The 2nd New England Mechanistic Interpretability (NEMI) Workshop

About The Meeting

The New England Mechanistic Interpretability (NEMI) workshop aims to bring together academic and industry researchers from the New England and surrounding regions who are advancing the field of mechanistic interpretability in machine learning systems. The workshop will serve as a forum to share recent progress, challenges, and ideas in reverse-engineering, circuit analysis, and other techniques that seek to understand how models compute internally.

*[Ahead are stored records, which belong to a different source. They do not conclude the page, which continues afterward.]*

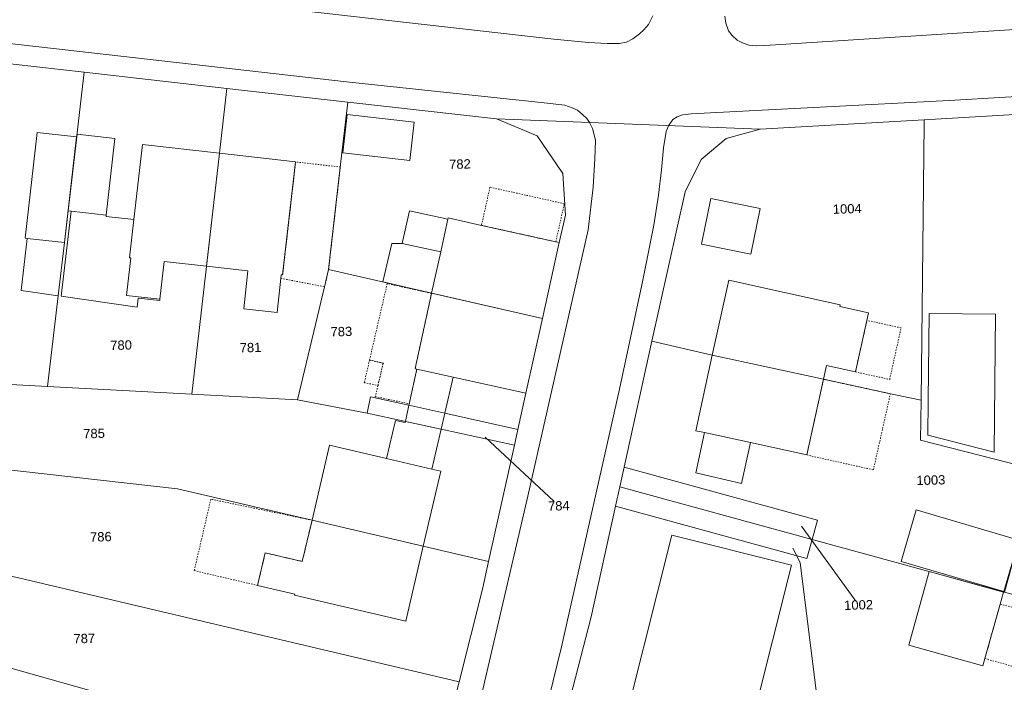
# Model space of a CAD drawing. Header units: millimetres. Extents: x -191 to 81095, y -508122 to 28741.
# Tile 124 of 251: x 5671 to 5745, y 9597 to 9647. Entities that reach past the tile are written whole.
import ezdxf

# ---------------------------------------------------------------- set-up
doc = ezdxf.new("R2010")
doc.units = ezdxf.units.MM
doc.linetypes.add('VE22-087 DB - VST Hervest-Dorsten ALK VA2736$0$1', pattern=[0])
doc.linetypes.add('VE22-087 DB - VST Hervest-Dorsten ALK VA2736$0$3', pattern=[0.26, 0.11, -0.15])
doc.layers.get('0').update_dxf_attribs({"color": 251})
for name, color, linetype, lineweight in [('VE22-087 DB - VST Hervest-Dorsten ALK VA2736$0$AX_Bauteil', 7, 'VE22-087 DB - VST Hervest-Dorsten ALK VA2736$0$1', 18), ('VE22-087 DB - VST Hervest-Dorsten ALK VA2736$0$AX_BesondererBauwerkspunkt_G2300', 7, 'VE22-087 DB - VST Hervest-Dorsten ALK VA2736$0$1', 18), ('VE22-087 DB - VST Hervest-Dorsten ALK VA2736$0$AX_Flurstueck', 9, 'VE22-087 DB - VST Hervest-Dorsten ALK VA2736$0$1', 18), ('VE22-087 DB - VST Hervest-Dorsten ALK VA2736$0$AX_Gebaeude', 7, 'VE22-087 DB - VST Hervest-Dorsten ALK VA2736$0$1', 18), ('VE22-087 DB - VST Hervest-Dorsten ALK VA2736$0$AX_SonstigesBauwerkOderSonstigeEinrichtung', 7, 'VE22-087 DB - VST Hervest-Dorsten ALK VA2736$0$1', 18), ('VE22-087 DB - VST Hervest-Dorsten ALK VA2736$0$AX_Strassenverkehr', 7, 'VE22-087 DB - VST Hervest-Dorsten ALK VA2736$0$1', 18), ('VE22-087 DB - VST Hervest-Dorsten ALK VA2736$0$AX_Strassenverkehrsanlage', 7, 'VE22-087 DB - VST Hervest-Dorsten ALK VA2736$0$1', 18), ('VE22-087 DB - VST Hervest-Dorsten ALK VA2736$0$AX_Wohnbauflaeche', 7, 'VE22-087 DB - VST Hervest-Dorsten ALK VA2736$0$1', 18)]:
    doc.layers.add(name, color=color, linetype=linetype, lineweight=lineweight)
doc.layers.add('XREF ALK Kataster', color=251, linetype='Continuous')
doc.styles.add('VE22-087 DB - VST Hervest-Dorsten ALK VA2736$0$0', font='arial.ttf')

# ---------------------------------------------------------------- blocks, each defined once
blk = doc.blocks.new('VE22-087 DB - VST Hervest-Dorsten ALK VA2736$0$99')
at = {"color": 0}
blk.add_point((0, 0), dxfattribs=at)
blk = doc.blocks.new('VE22-087 DB - VST Hervest-Dorsten ALK VA2736')
at = {"layer": 'VE22-087 DB - VST Hervest-Dorsten ALK VA2736$0$AX_Bauteil', "color": 7, "linetype": 'VE22-087 DB - VST Hervest-Dorsten ALK VA2736$0$1', "lineweight": 13, "ltscale": 0.5}
blk.add_polyline3d([(5699.998, 9617.713, 0), (5699.732, 9616.495, 0), (5702.426, 9615.908, 0), (5702.703, 9617.106, 0)], close=True, dxfattribs=at)
at = {"layer": 'VE22-087 DB - VST Hervest-Dorsten ALK VA2736$0$AX_Flurstueck', "linetype": 'VE22-087 DB - VST Hervest-Dorsten ALK VA2736$0$1', "lineweight": 13, "ltscale": 0.5}
for points in [[(5639.497, 9660.724, 0), (5636.359, 9642.012, 0), (5637.633, 9644.497, 0), (5639.967, 9646.127, 0), (5642.793, 9646.48, 0), (5656.092, 9644.964, 0), (5664.873, 9643.962, 0), (5675.584, 9642.746, 0), (5686.305, 9641.529, 0), (5695.398, 9640.495, 0), (5706.578, 9639.233, 0), (5726.411, 9638.457, 0), (5738.739, 9639.173, 0), (5754.05, 9640.059, 0)], [(5711.165, 9592.009, 0), (5713.701, 9601.808, 0), (5715.536, 9610.126, 0), (5715.866, 9611.583, 0), (5716.187, 9613.05, 0), (5718.277, 9622.516, 0), (5720.763, 9633.747, 0), (5721.977, 9636.194, 0), (5723.86, 9637.771, 0), (5726.411, 9638.457, 0), (5706.578, 9639.233, 0), (5709.653, 9637.971, 0), (5711.575, 9635.122, 0), (5711.763, 9632.005, 0), (5711.305, 9629.938, 0), (5710.045, 9624.237, 0), (5708.793, 9618.607, 0), (5708.189, 9615.891, 0), (5707.934, 9614.713, 0), (5705.992, 9605.957, 0), (5705.534, 9603.89, 0), (5703.776, 9596.924, 0), (5700.75, 9584.978, 0)], [(5705.74, 9615.313, 0), (5711.273, 9610.153, 0)], [(5729.519, 9608.627, 0), (5733.813, 9602.698, 0)], [(5728.863, 9606.964, 0), (5729.426, 9605.887, 0), (5730.7, 9595.635, 0)]]:
    blk.add_polyline3d(points, dxfattribs=at)
for points in [[(5664.873, 9643.962, 0), (5663.357, 9630.515, 0), (5662.138, 9619.707, 0), (5672.827, 9619.13, 0), (5673.622, 9625.937, 0), (5674.089, 9629.939, 0), (5675.584, 9642.746, 0)], [(5675.584, 9642.746, 0), (5674.089, 9629.939, 0), (5673.622, 9625.937, 0), (5672.827, 9619.13, 0), (5683.678, 9618.533, 0), (5685.748, 9636.66, 0), (5686.305, 9641.529, 0)], [(5685.748, 9636.66, 0), (5683.678, 9618.533, 0), (5691.628, 9618.105, 0), (5693.654, 9626.614, 0), (5693.964, 9627.917, 0), (5694.842, 9635.617, 0), (5695.398, 9640.495, 0), (5686.305, 9641.529, 0)], [(5709.653, 9637.971, 0), (5706.578, 9639.233, 0), (5695.398, 9640.495, 0), (5694.842, 9635.617, 0), (5693.964, 9627.917, 0), (5710.045, 9624.237, 0), (5711.305, 9629.938, 0), (5711.763, 9632.005, 0), (5711.575, 9635.122, 0)], [(5738.739, 9639.173, 0), (5738.734, 9638.873, 0), (5738.511, 9618.08, 0), (5738.471, 9615.077, 0), (5747.296, 9612.827, 0), (5745.853, 9607.568, 0), (5744.78, 9603.659, 0), (5748.298, 9602.697, 0), (5751.055, 9601.944, 0), (5756.295, 9600.513, 0), (5755.095, 9622.333, 0), (5754.874, 9626.343, 0), (5754.408, 9634.808, 0), (5754.05, 9640.059, 0)], [(5721.977, 9636.194, 0), (5720.763, 9633.747, 0), (5718.277, 9622.516, 0), (5722.806, 9621.484, 0), (5731.178, 9619.66, 0), (5736.206, 9618.577, 0), (5738.511, 9618.08, 0), (5738.734, 9638.873, 0), (5738.739, 9639.173, 0), (5726.411, 9638.457, 0), (5723.86, 9637.771, 0)], [(5693.964, 9627.917, 0), (5693.654, 9626.614, 0), (5691.628, 9618.105, 0), (5696.868, 9617.114, 0), (5697.115, 9618.352, 0), (5699.998, 9617.713, 0), (5702.704, 9617.112, 0), (5708.189, 9615.891, 0), (5708.793, 9618.607, 0), (5710.045, 9624.237, 0)], [(5730.723, 9609.072, 0), (5730.323, 9607.625, 0), (5744.78, 9603.659, 0), (5745.853, 9607.568, 0), (5747.296, 9612.827, 0), (5738.471, 9615.077, 0), (5738.511, 9618.08, 0), (5736.206, 9618.577, 0), (5731.178, 9619.66, 0), (5722.806, 9621.484, 0), (5718.277, 9622.516, 0), (5716.187, 9613.05, 0)], [(5683.678, 9618.533, 0), (5672.827, 9619.13, 0), (5662.138, 9619.707, 0), (5661.499, 9614.037, 0), (5662.735, 9613.65, 0), (5682.609, 9611.437, 0), (5692.714, 9609.068, 0), (5705.992, 9605.957, 0), (5707.934, 9614.713, 0), (5702.426, 9615.908, 0), (5696.868, 9617.114, 0), (5691.628, 9618.105, 0)], [(5708.189, 9615.891, 0), (5702.704, 9617.112, 0), (5699.998, 9617.713, 0), (5697.115, 9618.352, 0), (5696.868, 9617.114, 0), (5702.426, 9615.908, 0), (5707.934, 9614.713, 0)], [(5705.992, 9605.957, 0), (5692.714, 9609.068, 0), (5682.609, 9611.437, 0), (5662.735, 9613.65, 0), (5661.262, 9606.941, 0), (5703.776, 9596.924, 0), (5705.534, 9603.89, 0)], [(5716.187, 9613.05, 0), (5715.866, 9611.583, 0), (5730.323, 9607.625, 0), (5730.723, 9609.072, 0)], [(5730.323, 9607.625, 0), (5715.866, 9611.583, 0), (5715.536, 9610.126, 0), (5729.934, 9606.179, 0)], [(5729.934, 9606.179, 0), (5715.536, 9610.126, 0), (5713.701, 9601.808, 0), (5711.165, 9592.009, 0), (5715.483, 9590.91, 0), (5724.49, 9588.628, 0), (5732.478, 9586.6, 0), (5735.899, 9585.734, 0), (5740.847, 9584.478, 0), (5741.704, 9587.88, 0), (5766.687, 9581.583, 0), (5764.948, 9597.975, 0), (5764.93, 9598.145, 0), (5756.295, 9600.513, 0), (5751.055, 9601.944, 0), (5748.298, 9602.697, 0), (5744.78, 9603.659, 0), (5730.323, 9607.625, 0)], [(5661.262, 9606.941, 0), (5660.611, 9603.996, 0), (5659.917, 9600.811, 0), (5680.99, 9594.855, 0), (5682.75, 9589.734, 0), (5695.883, 9586.264, 0), (5700.75, 9584.978, 0), (5703.776, 9596.924, 0)], [(5700.75, 9584.978, 0), (5695.883, 9586.264, 0), (5682.75, 9589.734, 0), (5680.99, 9594.855, 0), (5659.917, 9600.811, 0), (5658.572, 9594.692, 0), (5663.076, 9593.378, 0), (5670.392, 9591.244, 0), (5676.153, 9589.563, 0), (5677.724, 9586.708, 0), (5675.643, 9579.447, 0), (5677.466, 9578.977, 0), (5681.73, 9577.878, 0), (5697.903, 9573.709, 0), (5697.934, 9573.829, 0)]]:
    blk.add_polyline3d(points, close=True, dxfattribs=at)
at = {"layer": 'VE22-087 DB - VST Hervest-Dorsten ALK VA2736$0$AX_Gebaeude', "color": 7, "linetype": 'VE22-087 DB - VST Hervest-Dorsten ALK VA2736$0$1', "lineweight": 13, "ltscale": 0.5}
for points in [[(5695.361, 9639.569, 0), (5695.032, 9636.684, 0), (5700.074, 9636.114, 0), (5700.4, 9639, 0)], [(5672.048, 9638.217, 0), (5671.142, 9630.261, 0), (5671.3, 9630.243, 0), (5674.089, 9629.939, 0), (5675.008, 9637.899, 0)], [(5677.894, 9637.756, 0), (5675.052, 9638.096, 0), (5674.379, 9632.332, 0), (5674.599, 9632.307, 0), (5677.246, 9631.991, 0)], [(5681.274, 9625.675, 0), (5681.593, 9628.525, 0), (5684.781, 9628.172, 0), (5685.748, 9636.66, 0), (5679.963, 9637.319, 0), (5679.315, 9631.673, 0), (5678.985, 9628.8, 0), (5679.085, 9628.789, 0), (5678.766, 9625.96, 0)], [(5691.484, 9636.002, 0), (5685.748, 9636.66, 0), (5684.781, 9628.172, 0), (5687.899, 9627.819, 0), (5687.579, 9624.96, 0), (5690.087, 9624.675, 0), (5690.377, 9627.251, 0), (5690.406, 9627.514, 0), (5690.506, 9627.503, 0)], [(5722.693, 9633.263, 0), (5721.994, 9629.814, 0), (5725.724, 9629.058, 0), (5726.423, 9632.507, 0)], [(5679.563, 9625.081, 0), (5679.64, 9625.761, 0), (5681.262, 9625.575, 0), (5681.274, 9625.675, 0), (5678.766, 9625.96, 0), (5679.085, 9628.789, 0), (5678.985, 9628.8, 0), (5679.315, 9631.673, 0), (5677.236, 9631.912, 0), (5677.246, 9631.991, 0), (5674.599, 9632.307, 0), (5673.848, 9625.904, 0)], [(5702.922, 9631.693, 0), (5700.049, 9632.333, 0), (5699.505, 9629.866, 0), (5702.388, 9629.237, 0)], [(5702.944, 9631.793, 0), (5702.922, 9631.693, 0), (5702.388, 9629.237, 0), (5701.707, 9626.145, 0), (5701.706, 9626.142, 0), (5710.045, 9624.237, 0), (5711.305, 9629.938, 0), (5711.048, 9629.995, 0), (5705.458, 9631.235, 0)], [(5671.3, 9630.243, 0), (5670.854, 9626.336, 0), (5673.622, 9625.937, 0), (5674.089, 9629.939, 0)], [(5698.707, 9629.872, 0), (5698.045, 9626.983, 0), (5701.707, 9626.145, 0), (5702.388, 9629.237, 0), (5699.505, 9629.866, 0)], [(5732.425, 9625.25, 0), (5724.045, 9627.124, 0), (5722.806, 9621.484, 0), (5731.178, 9619.66, 0), (5731.412, 9620.698, 0), (5733.577, 9620.219, 0), (5734.443, 9624.091, 0), (5734.568, 9624.651, 0), (5732.394, 9625.131, 0)], [(5710.045, 9624.237, 0), (5701.706, 9626.142, 0), (5701.701, 9626.122, 0), (5700.467, 9620.461, 0), (5700.596, 9620.429, 0), (5703.34, 9619.821, 0), (5708.793, 9618.607, 0), (5708.798, 9618.607, 0)], [(5739.116, 9624.614, 0), (5739.046, 9618.074, 0), (5739.018, 9615.449, 0), (5743.999, 9614.179, 0), (5744.109, 9624.56, 0)], [(5722.806, 9621.484, 0), (5721.569, 9615.792, 0), (5722.237, 9615.654, 0), (5725.679, 9614.917, 0), (5729.92, 9613.969, 0), (5731.178, 9619.66, 0)], [(5700.023, 9617.82, 0), (5699.998, 9617.713, 0), (5699.732, 9616.495, 0), (5702.426, 9615.908, 0), (5702.703, 9617.106, 0), (5702.704, 9617.112, 0), (5703.34, 9619.821, 0), (5700.596, 9620.429, 0)], [(5703.34, 9619.821, 0), (5702.704, 9617.112, 0), (5708.189, 9615.891, 0), (5708.793, 9618.607, 0)], [(5699.71, 9616.415, 0), (5698.982, 9616.575, 0), (5698.323, 9613.709, 0), (5701.725, 9612.913, 0), (5702.426, 9615.908, 0), (5699.732, 9616.495, 0)], [(5722.237, 9615.654, 0), (5721.575, 9612.619, 0), (5725.006, 9611.831, 0), (5725.679, 9614.917, 0)], [(5698.323, 9613.709, 0), (5694.033, 9614.699, 0), (5692.714, 9609.068, 0), (5701.084, 9607.104, 0), (5702.412, 9612.754, 0), (5701.725, 9612.913, 0)], [(5738.138, 9609.836, 0), (5737.017, 9605.965, 0), (5744.732, 9603.715, 0), (5745.853, 9607.568, 0)], [(5691.981, 9605.964, 0), (5689.197, 9606.612, 0), (5688.624, 9604.166, 0), (5691.417, 9603.518, 0), (5691.396, 9603.429, 0), (5699.766, 9601.464, 0), (5701.084, 9607.104, 0), (5692.714, 9609.068, 0)], [(5728.776, 9605.694, 0), (5719.77, 9607.946, 0), (5715.483, 9590.91, 0), (5724.49, 9588.628, 0)], [(5744.707, 9603.658, 0), (5739.113, 9605.212, 0), (5737.594, 9599.676, 0), (5743.165, 9598.107, 0), (5743.319, 9598.661, 0), (5744.458, 9602.76, 0)]]:
    blk.add_polyline3d(points, close=True, dxfattribs=at)
at = {"layer": 'VE22-087 DB - VST Hervest-Dorsten ALK VA2736$0$AX_SonstigesBauwerkOderSonstigeEinrichtung', "color": 7, "linetype": 'VE22-087 DB - VST Hervest-Dorsten ALK VA2736$0$3', "lineweight": 13, "ltscale": 0.5}
for points in [[(5691.484, 9636.002, 0), (5690.506, 9627.503, 0), (5690.406, 9627.514, 0), (5690.377, 9627.251, 0), (5693.654, 9626.614, 0), (5693.964, 9627.917, 0), (5694.842, 9635.617, 0)], [(5706.094, 9634.102, 0), (5705.458, 9631.235, 0), (5711.048, 9629.995, 0), (5711.684, 9632.862, 0)], [(5698.367, 9626.856, 0), (5697.04, 9621.107, 0), (5698.065, 9620.871, 0), (5697.67, 9619.193, 0), (5697.474, 9618.359, 0), (5700.023, 9617.82, 0), (5700.596, 9620.429, 0), (5700.467, 9620.461, 0), (5701.701, 9626.122, 0)], [(5734.444, 9624.091, 0), (5733.577, 9620.219, 0), (5736.152, 9619.65, 0), (5737.009, 9623.524, 0)], [(5697.04, 9621.107, 0), (5696.649, 9619.416, 0), (5697.67, 9619.193, 0), (5698.065, 9620.871, 0)], [(5731.178, 9619.66, 0), (5729.92, 9613.969, 0), (5734.927, 9612.849, 0), (5736.206, 9618.577, 0)], [(5685.104, 9610.647, 0), (5683.857, 9605.273, 0), (5688.624, 9604.166, 0), (5689.197, 9606.612, 0), (5691.981, 9605.964, 0), (5692.714, 9609.068, 0)], [(5744.458, 9602.76, 0), (5743.319, 9598.661, 0), (5749.654, 9596.901, 0), (5751.055, 9601.944, 0), (5748.298, 9602.697, 0), (5748.048, 9601.779, 0)]]:
    blk.add_polyline3d(points, close=True, dxfattribs=at)
blk.add_polyline3d([(5696.649, 9619.416, 0), (5697.67, 9619.193, 0)], dxfattribs=at)
at = {"layer": 'VE22-087 DB - VST Hervest-Dorsten ALK VA2736$0$AX_Strassenverkehrsanlage', "color": 7, "linetype": 'VE22-087 DB - VST Hervest-Dorsten ALK VA2736$0$1', "lineweight": 13, "ltscale": 0.5, "true_color": 0xf7f7f0}
for points in [[(5877.308, 9662.842, 0), (5877.279, 9662.258, 0), (5877.18, 9661.608, 0), (5876.943, 9661.173, 0), (5876.555, 9660.812, 0), (5876.008, 9660.587, 0), (5874.903, 9660.299, 0), (5872.808, 9659.96, 0), (5849.756, 9656.305, 0), (5826.574, 9652.811, 0), (5802.6, 9649.808, 0), (5775.049, 9647.688, 0), (5746.331, 9646.004, 0), (5727.17, 9644.778, 0), (5726.773, 9644.747, 0), (5726.112, 9644.729, 0), (5725.565, 9644.777, 0), (5725.124, 9644.936, 0), (5724.674, 9645.156, 0), (5724.306, 9645.497, 0), (5724.031, 9645.856, 0), (5723.828, 9646.427, 0), (5723.767, 9646.962, 0)], [(5638.32, 9653.704, 0), (5639.053, 9653.473, 0), (5639.911, 9653.338, 0), (5667.455, 9650.159, 0), (5691.85, 9647.393, 0), (5710.906, 9645.225, 0), (5713.5, 9644.979, 0), (5714.906, 9644.914, 0), (5715.846, 9644.916, 0), (5716.368, 9645.016, 0), (5716.85, 9645.261, 0), (5717.328, 9645.628, 0), (5717.673, 9645.943, 0), (5718.015, 9646.343, 0), (5718.334, 9646.995, 0)], [(5637.422, 9648.353, 0), (5637.849, 9648.496, 0), (5638.664, 9648.556, 0), (5640.475, 9648.411, 0), (5665.523, 9645.407, 0), (5695.307, 9642.021, 0), (5710.172, 9640.445, 0), (5711.727, 9640.262, 0), (5712.281, 9640.07, 0), (5712.678, 9639.885, 0), (5713.053, 9639.566, 0), (5713.378, 9639.27, 0), (5713.577, 9638.959, 0)], [(5799.343, 9643.265, 0), (5798.738, 9643.871, 0), (5798.222, 9644.097, 0), (5797.663, 9644.201, 0), (5796.882, 9644.224, 0), (5775.684, 9642.848, 0), (5761.805, 9641.862, 0), (5740.633, 9640.63, 0), (5721.226, 9639.606, 0), (5720.584, 9639.54, 0), (5720.167, 9639.393, 0), (5719.858, 9639.189, 0), (5719.508, 9638.727, 0)]]:
    blk.add_polyline3d(points, dxfattribs=at)
at = {"layer": 'VE22-087 DB - VST Hervest-Dorsten ALK VA2736$0$AX_BesondererBauwerkspunkt_G2300', "color": 7, "xscale": 0.5, "yscale": 0.5, "zscale": 0.5}
for p, rotation in [((5698.367, 9626.856), 1.589391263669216), ((5701.701, 9626.122), 1.58939109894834), ((5697.04, 9621.107), 1.589390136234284), ((5698.065, 9620.871), 1.589390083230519), ((5696.649, 9619.416), 1.589389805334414), ((5697.67, 9619.193), 1.589389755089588), ((5697.474, 9618.359), 1.589389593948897), ((5700.023, 9617.82), 1.589389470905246)]:
    blk.add_blockref('VE22-087 DB - VST Hervest-Dorsten ALK VA2736$0$99', p, dxfattribs=dict(at, rotation=rotation))
at = {"layer": 'VE22-087 DB - VST Hervest-Dorsten ALK VA2736$0$AX_Flurstueck', "char_height": 0.7, "attachment_point": 2, "rotation": 1.58939, "style": 'VE22-087 DB - VST Hervest-Dorsten ALK VA2736$0$0', "bg_fill": 3, "box_fill_scale": 1, "bg_fill_color": 256, "bg_fill_transparency": 0}
for s, insert in [('782', (5703.83, 9636.191)), ('1004', (5732.951, 9632.825)), ('783', (5694.911, 9623.598)), ('780', (5678.345, 9622.58)), ('781', (5688.08, 9622.398)), ('785', (5676.312, 9615.938)), ('1003', (5739.24, 9612.432)), ('784', (5711.264, 9610.502)), ('786', (5676.825, 9608.17)), ('1002', (5733.804, 9603.047)), ('787', (5675.58, 9600.526))]:
    blk.add_mtext(s, dxfattribs=dict(at, insert=insert))
at = {"layer": 'VE22-087 DB - VST Hervest-Dorsten ALK VA2736$0$AX_Strassenverkehr', "color": 253, "linetype": 'VE22-087 DB - VST Hervest-Dorsten ALK VA2736$0$1', "lineweight": 13, "ltscale": 0.5, "true_color": 0x999999}
for points in [[(5639.497, 9660.724, 0), (5636.359, 9642.012, 0), (5637.633, 9644.497, 0), (5639.967, 9646.127, 0), (5642.793, 9646.48, 0), (5656.092, 9644.964, 0), (5664.873, 9643.962, 0), (5675.584, 9642.746, 0), (5686.305, 9641.529, 0), (5695.398, 9640.495, 0), (5706.578, 9639.233, 0), (5726.411, 9638.457, 0), (5738.739, 9639.173, 0), (5754.05, 9640.059, 0)], [(5711.165, 9592.009, 0), (5713.701, 9601.808, 0), (5715.536, 9610.126, 0), (5715.866, 9611.583, 0), (5716.187, 9613.05, 0), (5718.277, 9622.516, 0), (5720.763, 9633.747, 0), (5721.977, 9636.194, 0), (5723.86, 9637.771, 0), (5726.411, 9638.457, 0), (5706.578, 9639.233, 0), (5709.653, 9637.971, 0), (5711.575, 9635.122, 0), (5711.763, 9632.005, 0), (5711.305, 9629.938, 0), (5710.045, 9624.237, 0), (5708.793, 9618.607, 0), (5708.189, 9615.891, 0), (5707.934, 9614.713, 0), (5705.992, 9605.957, 0), (5705.534, 9603.89, 0), (5703.776, 9596.924, 0), (5700.75, 9584.978, 0)]]:
    blk.add_polyline3d(points, dxfattribs=at)
at = {"layer": 'VE22-087 DB - VST Hervest-Dorsten ALK VA2736$0$AX_Strassenverkehrsanlage', "color": 7, "linetype": 'VE22-087 DB - VST Hervest-Dorsten ALK VA2736$0$1', "lineweight": 13, "ltscale": 0.5, "true_color": 0xf7f7f0}
for points in [[(5687.837, 9533.02, 0), (5690.088, 9540.171, 0), (5699.917, 9574.046, 0), (5703.996, 9589.681, 0), (5708.943, 9610.875, 0), (5713.472, 9630.885, 0), (5713.863, 9634.115, 0), (5713.986, 9636.224, 0), (5714.039, 9637.62, 0), (5713.918, 9638.145, 0), (5713.817, 9638.509, 0), (5713.577, 9638.959, 0)], [(5692.829, 9531.696, 0), (5693.151, 9533.322, 0), (5695.077, 9539.798, 0), (5704.72, 9572.81, 0), (5708.01, 9585.445, 0), (5711.468, 9599.559, 0), (5715.835, 9618.918, 0), (5717.593, 9627.104, 0), (5718.41, 9631.248, 0), (5718.769, 9633.514, 0), (5718.987, 9635.415, 0), (5719.151, 9637.074, 0), (5719.341, 9638.283, 0), (5719.508, 9638.727, 0)]]:
    blk.add_polyline3d(points, dxfattribs=at)
at = {"layer": 'VE22-087 DB - VST Hervest-Dorsten ALK VA2736$0$AX_Wohnbauflaeche', "color": 253, "linetype": 'VE22-087 DB - VST Hervest-Dorsten ALK VA2736$0$1', "lineweight": 13, "ltscale": 0.5, "true_color": 0x999999}
for points in [[(5700.75, 9584.978, 0), (5703.776, 9596.924, 0), (5705.534, 9603.89, 0), (5705.992, 9605.957, 0), (5707.934, 9614.713, 0), (5708.189, 9615.891, 0), (5708.793, 9618.607, 0), (5710.045, 9624.237, 0), (5711.305, 9629.938, 0), (5711.763, 9632.005, 0), (5711.575, 9635.122, 0), (5709.653, 9637.971, 0), (5706.578, 9639.233, 0), (5695.398, 9640.495, 0), (5686.305, 9641.529, 0), (5675.584, 9642.746, 0), (5664.873, 9643.962, 0)], [(5754.05, 9640.059, 0), (5738.739, 9639.173, 0), (5726.411, 9638.457, 0), (5723.86, 9637.771, 0), (5721.977, 9636.194, 0), (5720.763, 9633.747, 0), (5718.277, 9622.516, 0), (5716.187, 9613.05, 0), (5715.866, 9611.583, 0), (5715.536, 9610.126, 0), (5713.701, 9601.808, 0), (5711.165, 9592.009, 0)]]:
    blk.add_polyline3d(points, dxfattribs=at)

msp = doc.modelspace()

# ---------------------------------------------------------------- block references
at = {"layer": 'XREF ALK Kataster', "color": 251}
msp.add_blockref('VE22-087 DB - VST Hervest-Dorsten ALK VA2736', (0, 0), dxfattribs=at)

doc.saveas('drawing.dxf')

NEMI seeks to foster a participatory and collaborative environment where researchers at all levels—including graduate students, early-career scientists, and established experts—can engage in discussion and feedback. We particularly encourage submissions from rising researchers currently enrolled in graduate programs at New England-based universities. Topics of interest include, but are not limited to, interpretability of neural circuits, activation patching, probe-based analysis, feature attribution methods, model simplification, scaling laws and applications as applied to interpretability. The workshop will feature a dynamic program including invited keynote speakers, selected oral presentations, interactive poster sessions, and opportunities for open discussion.

Livestream

Schedule

Time	Event	Venue
08:30 AM - 9:00 AM	Setup time for Poster Session 1	CSC Second Floor Suites
09:00 AM - 09:30 AM	Breakfast & Registration	CSC Ballroom
09:30 AM - 09:40 AM	Opening Remarks	CSC Ballroom
09:40 AM - 10:00 AM	Keynote 1: Lee Sharkey: "Mech Interp: Where should we go from here?"	CSC Ballroom
10:00 AM - 10:10 AM	Student Talk 1: Amil Dravid"Vision Transformers Don't Need Trained Registers"	CSC Ballroom
10:10 AM - 10:20 AM	Student Talk 2: Andrew Lee"Shared Global and Local Geometry of Language Model Embeddings"	CSC Ballroom
10:20 AM - 10:40 AM	Keynote 2: Tamar Rott Shaham: "Can Language Models Interpret Humans?"	CSC Ballroom
10:40 AM - 11:45 AM	Round 1 of LLM Roundtables	CSC Ballroom
11:45 AM - 1:00 PM	Poster Session 1 + Coffee Break	Poster Session at CSC Second Floor Suites, Coffee Break at CSC Ballroom
01:00 PM - 02:00 PM	Lunch + Group Photo + Continued LLM Roundtables	CSC Ballroom
01:45 PM - 02:00 PM	Setup time for Poster Session 2	CSC Second Floor Suites
02:00 PM - 03:15 PM	Poster Session 2	CSC Second Floor Suites
03:15 PM - 04:15 PM	NDIF/NNsight	CSC Ballroom
04:15 PM - 04:25 PM	Coffee Break	CSC Ballroom
04:25 PM - 04:45 PM	Keynote 3: Aaron Mueller: "Beyond Human Concepts: Evaluating and Applying Unsupervised Interpretability"	CSC Ballroom
04:45 PM - 04:55 PM	Student Talk 3: Helena Casademunt"Steering Out-of-Distribution Generalization with Concept Ablation Fine-Tuning"	CSC Ballroom
04:55 PM - 05:05 PM	Student Talk 4: Michael Hanna"Circuit-tracer: A New Library for Feature Circuits"	CSC Ballroom
05:05 PM - 05:25 PM	Keynote 4: Ekdeep Singh Lubana: "Looking Inwards: Implicit Assumptions Formally Constrain Mechanistic Interpretability"	CSC Ballroom
05:25 PM - 05:55 PM	Panel Discussion: "Bridging the Gap: From Lowest-Level Mechanisms to High-Level Behaviors"	CSC Ballroom
05:55 PM - 06:00 PM	Closing Remarks	CSC Ballroom
06:00 PM+	Optional Social	CSC Ballroom

Registration

Submission Guidelines

We invite submissions for the NEMI 2025 workshop, a one-day event dedicated to exploring the latest developments in mechanistic interpretability research. We welcome submissions on all aspects of interpretability. Some of them will be selected for oral presentations and the remaining will be presented as posters. We encourage submissions from rising researchers who are enrolled in graduate programs at universities located in the New England region.